2. The low-power, self-checkout shopping receptacle in accordance with claim 1, wherein the operations further comprise:

identify dynamic content within the area of interest associated with the shopping receptacle, the dynamic content related to image content from the one or more image sensors that changes over time; and

process only the dynamic content to determine one or more features of an additional product that is imaged by the one or more sensors.

3. The low-power, self-checkout shopping receptacle in accordance with claim 1, wherein the operations further comprise:

recognize, using computational logic and the product database, the product identification for each of the one or more products in the shopping receptacle; and

display the product identification for each of the one or more products in an electronic display.

4. The low-power, self-checkout shopping receptacle in accordance with claim 1, wherein the operations further comprise, wherein the computer hardware comprises:

a programmable processor; and

a non-transitory machine-readable medium storing instructions that, when executed by the processor, cause the at least one programmable processor to perform at least some of the operations.

5. The low-power, self-checkout shopping receptacle in accordance with claim 1, wherein the one or more features includes a barcode.

6. A system comprising:

a shopping receptacle configured to be moved within a shopping environment;

one or more image sensors arranged on the shopping receptacle; and

computer hardware connected with the one or more image sensors, and configured to perform operations comprising: demarcate an area of interest associated with the shopping receptacle within a field of view (FOV) of the one or more image sensors and within the shopping environment; detect features of one or more products that are imaged by the one or more image sensors in the area of interest associated with the shopping receptacle; and associate the detected features of the one or more products with a product database to determine a product identification for each of the one or more products that are imaged by the one or more image sensors.

7. The system in accordance with claim 6, wherein the operations further comprise:

identify dynamic content within the area of interest associated with the shopping receptacle, the dynamic content related to image content from the one or more image sensors that changes over time; and

process only the dynamic content to determine features of an additional product that is imaged by the one or more sensors.

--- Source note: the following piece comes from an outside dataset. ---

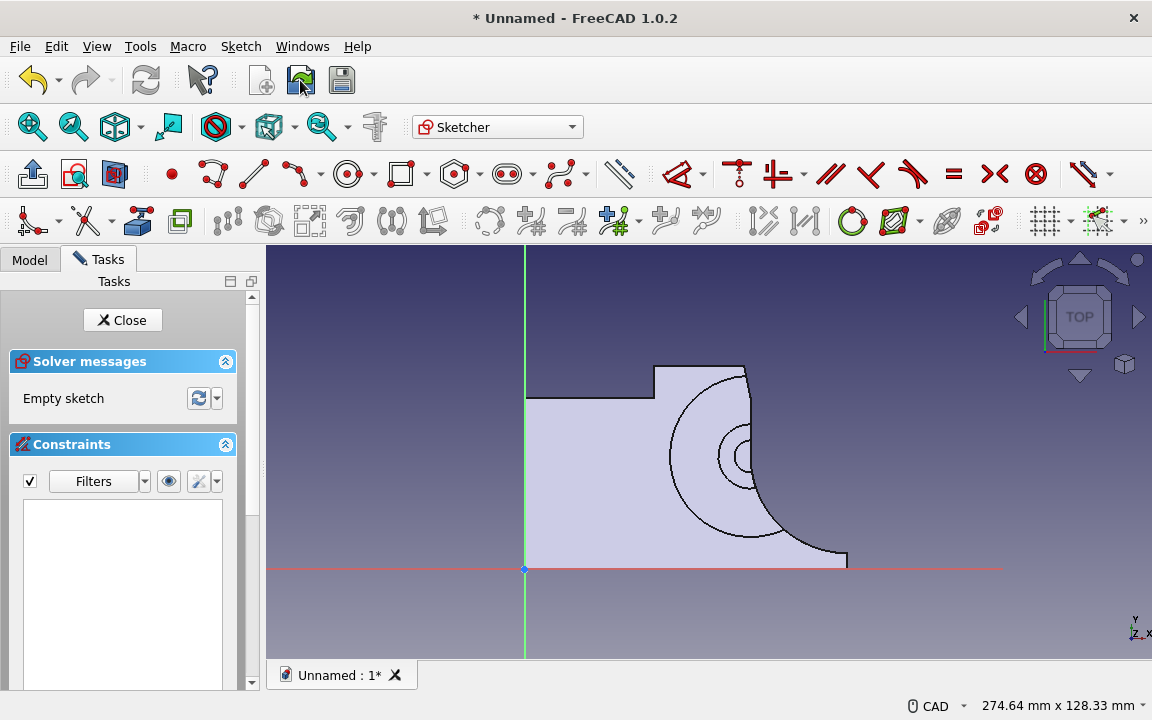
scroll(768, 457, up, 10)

8. The system in accordance with claim 6, wherein the operations further comprise:

recognize, using computational logic and the product database, the product identification for each of the one or more products in the shopping receptacle; and

display the product identification for each of the one or more products in an electronic display.

9. The system in accordance with claim 6, wherein the one or more image sensors includes a barcode reader.

10. The system in accordance with claim 6, wherein the one or more image sensors includes a QR code reader.